_Provided records_
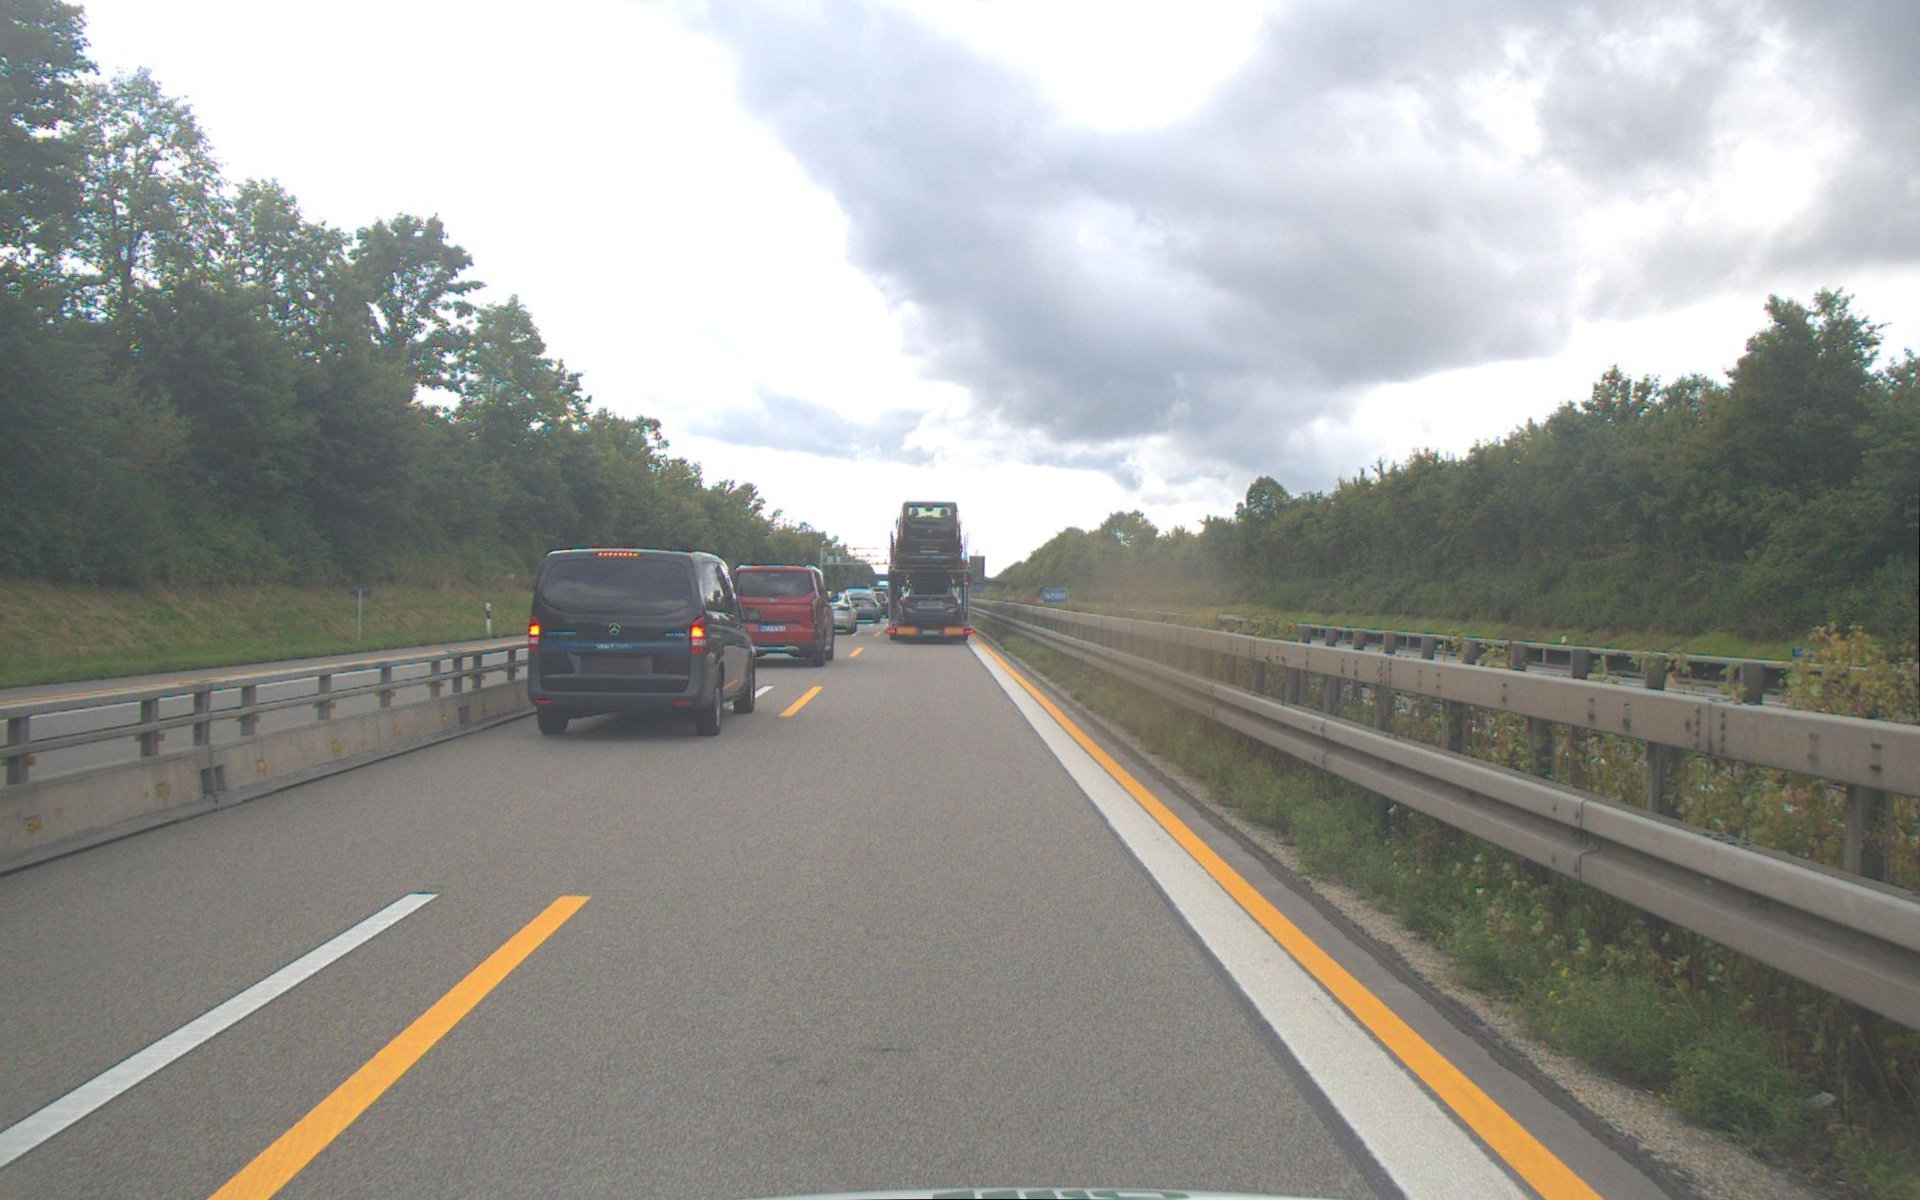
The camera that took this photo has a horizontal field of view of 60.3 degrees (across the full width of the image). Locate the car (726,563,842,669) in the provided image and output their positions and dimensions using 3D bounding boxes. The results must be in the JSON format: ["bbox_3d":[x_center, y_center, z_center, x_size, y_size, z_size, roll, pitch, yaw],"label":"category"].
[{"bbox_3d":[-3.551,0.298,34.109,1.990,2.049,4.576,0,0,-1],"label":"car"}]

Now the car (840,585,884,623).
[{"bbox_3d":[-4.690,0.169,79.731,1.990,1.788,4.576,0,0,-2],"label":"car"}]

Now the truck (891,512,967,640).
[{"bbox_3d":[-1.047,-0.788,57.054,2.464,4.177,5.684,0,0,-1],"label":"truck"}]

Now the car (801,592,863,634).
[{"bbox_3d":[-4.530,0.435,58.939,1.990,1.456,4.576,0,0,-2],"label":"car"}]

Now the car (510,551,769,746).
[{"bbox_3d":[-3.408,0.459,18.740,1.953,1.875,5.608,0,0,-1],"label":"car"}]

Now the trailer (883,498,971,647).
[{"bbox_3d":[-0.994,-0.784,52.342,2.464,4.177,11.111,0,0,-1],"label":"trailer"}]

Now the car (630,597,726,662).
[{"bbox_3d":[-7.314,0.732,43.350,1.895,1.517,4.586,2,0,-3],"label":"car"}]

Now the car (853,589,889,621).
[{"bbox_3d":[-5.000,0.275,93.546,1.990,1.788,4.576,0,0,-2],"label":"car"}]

_Exercise brief_
From the first line to the last, repeat the entries exactly and leave out the pictures.

_Solved problem_
The camera that took this photo has a horizontal field of view of 60.3 degrees (across the full width of the image). Locate the car (726,563,842,669) in the provided image and output their positions and dimensions using 3D bounding boxes. The results must be in the JSON format: ["bbox_3d":[x_center, y_center, z_center, x_size, y_size, z_size, roll, pitch, yaw],"label":"category"].
[{"bbox_3d":[-3.551,0.298,34.109,1.990,2.049,4.576,0,0,-1],"label":"car"}]

Now the car (840,585,884,623).
[{"bbox_3d":[-4.690,0.169,79.731,1.990,1.788,4.576,0,0,-2],"label":"car"}]

Now the truck (891,512,967,640).
[{"bbox_3d":[-1.047,-0.788,57.054,2.464,4.177,5.684,0,0,-1],"label":"truck"}]

Now the car (801,592,863,634).
[{"bbox_3d":[-4.530,0.435,58.939,1.990,1.456,4.576,0,0,-2],"label":"car"}]

Now the car (510,551,769,746).
[{"bbox_3d":[-3.408,0.459,18.740,1.953,1.875,5.608,0,0,-1],"label":"car"}]

Now the trailer (883,498,971,647).
[{"bbox_3d":[-0.994,-0.784,52.342,2.464,4.177,11.111,0,0,-1],"label":"trailer"}]

Now the car (630,597,726,662).
[{"bbox_3d":[-7.314,0.732,43.350,1.895,1.517,4.586,2,0,-3],"label":"car"}]

Now the car (853,589,889,621).
[{"bbox_3d":[-5.000,0.275,93.546,1.990,1.788,4.576,0,0,-2],"label":"car"}]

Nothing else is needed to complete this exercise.